GIVEN DATA section start

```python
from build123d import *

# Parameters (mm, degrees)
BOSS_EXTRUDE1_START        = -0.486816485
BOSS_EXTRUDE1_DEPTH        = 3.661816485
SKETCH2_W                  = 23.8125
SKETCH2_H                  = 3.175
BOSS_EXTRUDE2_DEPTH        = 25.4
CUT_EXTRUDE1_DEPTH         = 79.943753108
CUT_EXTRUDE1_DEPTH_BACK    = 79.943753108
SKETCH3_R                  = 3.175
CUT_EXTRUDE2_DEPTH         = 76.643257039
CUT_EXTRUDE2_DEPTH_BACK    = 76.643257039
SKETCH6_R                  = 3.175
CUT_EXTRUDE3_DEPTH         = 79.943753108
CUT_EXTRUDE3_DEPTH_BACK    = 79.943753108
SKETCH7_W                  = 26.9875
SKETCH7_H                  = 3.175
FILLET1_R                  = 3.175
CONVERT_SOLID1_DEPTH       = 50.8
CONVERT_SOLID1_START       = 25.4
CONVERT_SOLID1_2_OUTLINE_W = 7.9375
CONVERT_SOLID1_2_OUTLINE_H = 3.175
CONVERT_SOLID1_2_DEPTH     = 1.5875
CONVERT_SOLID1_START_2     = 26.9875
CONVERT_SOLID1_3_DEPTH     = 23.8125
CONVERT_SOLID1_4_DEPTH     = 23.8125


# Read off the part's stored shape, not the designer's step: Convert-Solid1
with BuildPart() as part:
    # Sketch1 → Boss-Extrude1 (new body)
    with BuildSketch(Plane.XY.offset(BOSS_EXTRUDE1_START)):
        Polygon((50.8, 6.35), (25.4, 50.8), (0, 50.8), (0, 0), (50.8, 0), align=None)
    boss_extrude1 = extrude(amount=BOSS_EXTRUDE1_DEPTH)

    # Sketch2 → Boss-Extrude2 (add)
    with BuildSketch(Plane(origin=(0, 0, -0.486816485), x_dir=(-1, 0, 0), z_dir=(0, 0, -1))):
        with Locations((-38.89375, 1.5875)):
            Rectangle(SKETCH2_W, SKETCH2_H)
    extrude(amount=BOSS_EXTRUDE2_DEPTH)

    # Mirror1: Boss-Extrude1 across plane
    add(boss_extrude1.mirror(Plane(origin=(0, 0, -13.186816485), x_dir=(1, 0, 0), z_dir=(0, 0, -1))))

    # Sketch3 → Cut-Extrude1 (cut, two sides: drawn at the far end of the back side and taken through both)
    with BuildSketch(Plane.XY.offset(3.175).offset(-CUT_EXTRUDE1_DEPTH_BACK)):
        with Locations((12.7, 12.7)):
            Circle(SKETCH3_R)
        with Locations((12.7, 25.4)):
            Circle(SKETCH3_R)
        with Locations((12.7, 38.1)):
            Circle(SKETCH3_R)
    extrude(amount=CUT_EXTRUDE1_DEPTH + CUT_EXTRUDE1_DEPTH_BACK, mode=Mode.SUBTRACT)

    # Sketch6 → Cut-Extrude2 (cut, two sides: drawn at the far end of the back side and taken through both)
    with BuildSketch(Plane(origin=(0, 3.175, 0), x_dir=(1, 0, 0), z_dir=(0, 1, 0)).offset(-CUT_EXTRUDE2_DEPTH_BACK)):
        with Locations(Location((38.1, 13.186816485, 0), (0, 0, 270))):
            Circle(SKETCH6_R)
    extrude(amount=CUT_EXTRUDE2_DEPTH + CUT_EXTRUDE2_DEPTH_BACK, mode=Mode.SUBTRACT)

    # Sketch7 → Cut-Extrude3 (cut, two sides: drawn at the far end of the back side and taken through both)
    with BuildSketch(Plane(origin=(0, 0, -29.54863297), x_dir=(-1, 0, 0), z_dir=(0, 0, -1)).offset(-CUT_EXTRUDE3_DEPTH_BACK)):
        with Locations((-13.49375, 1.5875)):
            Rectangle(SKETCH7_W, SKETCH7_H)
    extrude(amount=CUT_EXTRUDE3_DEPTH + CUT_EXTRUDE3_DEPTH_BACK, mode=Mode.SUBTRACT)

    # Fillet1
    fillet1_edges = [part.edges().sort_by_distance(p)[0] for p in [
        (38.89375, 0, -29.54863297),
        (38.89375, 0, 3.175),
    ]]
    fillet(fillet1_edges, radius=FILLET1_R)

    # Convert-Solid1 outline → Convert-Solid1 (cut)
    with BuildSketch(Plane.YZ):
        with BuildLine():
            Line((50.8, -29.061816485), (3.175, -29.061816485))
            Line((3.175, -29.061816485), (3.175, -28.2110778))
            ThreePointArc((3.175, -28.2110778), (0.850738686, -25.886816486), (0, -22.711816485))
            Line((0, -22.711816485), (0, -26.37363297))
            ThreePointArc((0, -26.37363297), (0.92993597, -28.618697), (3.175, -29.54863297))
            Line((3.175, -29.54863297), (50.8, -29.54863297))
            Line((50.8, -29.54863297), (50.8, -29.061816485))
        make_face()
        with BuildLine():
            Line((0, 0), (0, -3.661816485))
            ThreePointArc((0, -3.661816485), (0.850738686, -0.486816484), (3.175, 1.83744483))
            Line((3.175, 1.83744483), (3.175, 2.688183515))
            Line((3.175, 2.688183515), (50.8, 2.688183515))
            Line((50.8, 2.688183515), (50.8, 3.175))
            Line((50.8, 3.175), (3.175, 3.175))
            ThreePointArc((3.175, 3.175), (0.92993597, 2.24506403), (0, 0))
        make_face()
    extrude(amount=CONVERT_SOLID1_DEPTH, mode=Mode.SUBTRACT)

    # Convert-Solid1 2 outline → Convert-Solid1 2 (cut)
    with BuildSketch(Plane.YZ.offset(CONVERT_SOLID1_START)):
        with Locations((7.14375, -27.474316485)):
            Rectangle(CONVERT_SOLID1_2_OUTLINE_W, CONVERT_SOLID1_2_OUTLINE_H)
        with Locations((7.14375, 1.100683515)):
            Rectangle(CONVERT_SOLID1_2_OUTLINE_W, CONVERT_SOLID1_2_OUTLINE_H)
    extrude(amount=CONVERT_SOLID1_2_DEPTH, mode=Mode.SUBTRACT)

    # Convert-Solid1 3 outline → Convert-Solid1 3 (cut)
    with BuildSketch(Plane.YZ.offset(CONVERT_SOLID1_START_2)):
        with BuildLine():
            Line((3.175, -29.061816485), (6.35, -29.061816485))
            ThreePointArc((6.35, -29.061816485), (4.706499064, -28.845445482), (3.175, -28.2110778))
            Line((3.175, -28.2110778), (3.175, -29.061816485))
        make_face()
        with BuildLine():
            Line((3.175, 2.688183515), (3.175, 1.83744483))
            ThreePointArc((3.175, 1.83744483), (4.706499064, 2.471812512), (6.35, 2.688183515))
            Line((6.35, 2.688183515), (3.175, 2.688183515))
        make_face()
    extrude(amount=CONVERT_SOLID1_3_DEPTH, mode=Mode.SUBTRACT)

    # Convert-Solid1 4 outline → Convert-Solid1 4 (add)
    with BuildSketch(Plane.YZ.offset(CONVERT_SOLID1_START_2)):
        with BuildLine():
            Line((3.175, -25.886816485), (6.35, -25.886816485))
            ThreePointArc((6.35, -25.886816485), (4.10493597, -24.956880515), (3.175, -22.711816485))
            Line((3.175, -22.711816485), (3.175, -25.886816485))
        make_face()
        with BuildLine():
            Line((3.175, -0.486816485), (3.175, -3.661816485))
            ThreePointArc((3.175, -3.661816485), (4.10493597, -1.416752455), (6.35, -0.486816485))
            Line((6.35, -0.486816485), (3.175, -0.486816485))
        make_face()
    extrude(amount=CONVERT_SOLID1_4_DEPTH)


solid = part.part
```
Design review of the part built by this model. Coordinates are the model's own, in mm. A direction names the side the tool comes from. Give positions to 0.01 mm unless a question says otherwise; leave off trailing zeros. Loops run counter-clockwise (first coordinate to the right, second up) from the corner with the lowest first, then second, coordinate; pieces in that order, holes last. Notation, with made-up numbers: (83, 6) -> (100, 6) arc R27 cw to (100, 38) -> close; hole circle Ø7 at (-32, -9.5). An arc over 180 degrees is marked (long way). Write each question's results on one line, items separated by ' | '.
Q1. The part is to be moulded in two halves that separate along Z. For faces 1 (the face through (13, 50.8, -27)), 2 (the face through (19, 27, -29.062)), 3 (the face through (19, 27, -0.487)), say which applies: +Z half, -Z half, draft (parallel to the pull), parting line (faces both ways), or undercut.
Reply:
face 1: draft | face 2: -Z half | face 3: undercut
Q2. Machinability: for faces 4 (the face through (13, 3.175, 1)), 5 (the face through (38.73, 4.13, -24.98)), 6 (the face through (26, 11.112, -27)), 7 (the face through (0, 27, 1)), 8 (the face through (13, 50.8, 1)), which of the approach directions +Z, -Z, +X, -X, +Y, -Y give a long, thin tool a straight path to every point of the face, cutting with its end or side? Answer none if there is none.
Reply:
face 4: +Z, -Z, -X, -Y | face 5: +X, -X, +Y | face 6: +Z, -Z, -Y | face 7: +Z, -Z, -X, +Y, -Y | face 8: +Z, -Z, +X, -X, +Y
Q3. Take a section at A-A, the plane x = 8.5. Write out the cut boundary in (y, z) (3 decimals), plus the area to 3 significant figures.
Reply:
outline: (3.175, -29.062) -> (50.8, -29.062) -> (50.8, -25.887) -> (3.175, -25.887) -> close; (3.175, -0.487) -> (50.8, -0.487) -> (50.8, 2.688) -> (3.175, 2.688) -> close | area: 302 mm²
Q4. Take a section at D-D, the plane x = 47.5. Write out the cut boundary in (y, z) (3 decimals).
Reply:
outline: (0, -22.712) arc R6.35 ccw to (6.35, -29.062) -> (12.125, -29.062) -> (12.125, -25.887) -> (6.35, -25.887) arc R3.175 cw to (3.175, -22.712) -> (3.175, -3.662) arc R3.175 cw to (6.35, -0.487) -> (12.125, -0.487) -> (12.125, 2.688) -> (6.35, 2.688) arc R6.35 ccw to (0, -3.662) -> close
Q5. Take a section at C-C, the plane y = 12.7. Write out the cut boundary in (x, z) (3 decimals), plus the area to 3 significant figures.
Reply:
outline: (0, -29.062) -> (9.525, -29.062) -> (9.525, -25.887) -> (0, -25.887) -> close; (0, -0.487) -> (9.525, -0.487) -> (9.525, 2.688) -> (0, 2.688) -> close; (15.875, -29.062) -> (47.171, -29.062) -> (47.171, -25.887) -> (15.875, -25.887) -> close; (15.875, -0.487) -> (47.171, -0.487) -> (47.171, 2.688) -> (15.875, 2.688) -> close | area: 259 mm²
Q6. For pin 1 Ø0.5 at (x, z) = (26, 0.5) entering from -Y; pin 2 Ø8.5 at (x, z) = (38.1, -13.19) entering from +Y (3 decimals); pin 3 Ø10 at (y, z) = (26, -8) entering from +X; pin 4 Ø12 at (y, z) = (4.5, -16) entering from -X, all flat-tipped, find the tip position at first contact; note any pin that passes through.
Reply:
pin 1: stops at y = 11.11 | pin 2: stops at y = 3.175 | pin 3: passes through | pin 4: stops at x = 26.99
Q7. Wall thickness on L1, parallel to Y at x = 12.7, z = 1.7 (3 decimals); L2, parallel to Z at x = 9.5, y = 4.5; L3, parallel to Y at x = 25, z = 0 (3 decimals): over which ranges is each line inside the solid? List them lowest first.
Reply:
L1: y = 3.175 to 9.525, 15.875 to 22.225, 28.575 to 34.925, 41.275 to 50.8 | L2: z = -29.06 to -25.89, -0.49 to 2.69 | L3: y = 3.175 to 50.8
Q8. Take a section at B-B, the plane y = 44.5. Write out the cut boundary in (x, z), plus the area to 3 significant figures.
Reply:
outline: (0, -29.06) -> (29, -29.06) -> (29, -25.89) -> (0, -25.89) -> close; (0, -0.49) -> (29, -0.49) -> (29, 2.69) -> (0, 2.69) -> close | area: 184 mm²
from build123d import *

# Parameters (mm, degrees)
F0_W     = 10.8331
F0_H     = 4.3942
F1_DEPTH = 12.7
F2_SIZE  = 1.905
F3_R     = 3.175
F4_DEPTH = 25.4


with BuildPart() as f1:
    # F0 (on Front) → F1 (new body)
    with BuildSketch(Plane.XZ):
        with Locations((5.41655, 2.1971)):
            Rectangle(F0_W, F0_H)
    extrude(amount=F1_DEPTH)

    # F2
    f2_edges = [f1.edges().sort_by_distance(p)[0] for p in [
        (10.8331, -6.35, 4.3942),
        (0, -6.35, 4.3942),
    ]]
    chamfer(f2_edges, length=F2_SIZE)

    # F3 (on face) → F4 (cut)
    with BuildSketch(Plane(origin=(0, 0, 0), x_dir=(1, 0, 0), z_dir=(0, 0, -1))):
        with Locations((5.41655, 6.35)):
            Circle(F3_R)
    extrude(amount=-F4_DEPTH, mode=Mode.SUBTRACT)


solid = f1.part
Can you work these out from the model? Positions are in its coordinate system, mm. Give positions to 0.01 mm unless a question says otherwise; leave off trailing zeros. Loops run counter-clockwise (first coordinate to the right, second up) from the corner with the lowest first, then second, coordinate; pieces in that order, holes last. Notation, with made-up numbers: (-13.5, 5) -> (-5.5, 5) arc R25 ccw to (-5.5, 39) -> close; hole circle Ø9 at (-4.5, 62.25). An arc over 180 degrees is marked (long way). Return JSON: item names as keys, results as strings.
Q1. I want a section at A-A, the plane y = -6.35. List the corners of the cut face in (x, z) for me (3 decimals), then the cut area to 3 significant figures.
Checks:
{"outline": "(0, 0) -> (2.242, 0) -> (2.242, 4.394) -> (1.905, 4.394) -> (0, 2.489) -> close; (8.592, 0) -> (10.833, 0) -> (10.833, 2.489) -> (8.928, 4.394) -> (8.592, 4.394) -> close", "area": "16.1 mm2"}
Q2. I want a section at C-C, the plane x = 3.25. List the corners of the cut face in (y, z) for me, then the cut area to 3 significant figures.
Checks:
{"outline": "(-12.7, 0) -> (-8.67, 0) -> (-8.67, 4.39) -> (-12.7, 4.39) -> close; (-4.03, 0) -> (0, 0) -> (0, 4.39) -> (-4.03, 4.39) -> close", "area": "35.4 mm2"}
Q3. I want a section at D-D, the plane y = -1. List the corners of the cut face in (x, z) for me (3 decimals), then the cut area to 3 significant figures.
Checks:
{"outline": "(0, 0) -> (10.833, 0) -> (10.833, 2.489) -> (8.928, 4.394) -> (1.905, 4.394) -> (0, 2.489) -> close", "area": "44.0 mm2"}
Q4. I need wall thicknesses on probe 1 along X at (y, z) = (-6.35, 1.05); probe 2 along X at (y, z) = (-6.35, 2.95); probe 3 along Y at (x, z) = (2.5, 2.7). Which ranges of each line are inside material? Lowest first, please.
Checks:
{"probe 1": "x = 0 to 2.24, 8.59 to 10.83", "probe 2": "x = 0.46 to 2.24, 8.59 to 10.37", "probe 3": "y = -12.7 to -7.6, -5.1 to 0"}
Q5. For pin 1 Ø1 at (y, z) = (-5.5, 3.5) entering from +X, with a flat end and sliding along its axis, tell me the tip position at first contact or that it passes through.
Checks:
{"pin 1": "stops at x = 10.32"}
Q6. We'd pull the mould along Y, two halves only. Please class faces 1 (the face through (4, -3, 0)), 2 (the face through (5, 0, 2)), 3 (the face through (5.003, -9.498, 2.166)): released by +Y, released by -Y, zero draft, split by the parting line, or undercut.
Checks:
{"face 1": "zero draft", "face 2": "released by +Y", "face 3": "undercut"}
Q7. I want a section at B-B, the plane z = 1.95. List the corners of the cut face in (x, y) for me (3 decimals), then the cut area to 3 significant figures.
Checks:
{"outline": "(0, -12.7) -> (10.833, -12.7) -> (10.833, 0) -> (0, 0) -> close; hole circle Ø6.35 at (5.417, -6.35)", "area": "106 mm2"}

GIVEN DATA section end

- WHAT YOU ARE ASKED TO DO: Using only the data above, copy out the lines that include the word "BuildPart".

- RESULT OF THIS TASK:
with BuildPart() as part:
with BuildPart() as f1:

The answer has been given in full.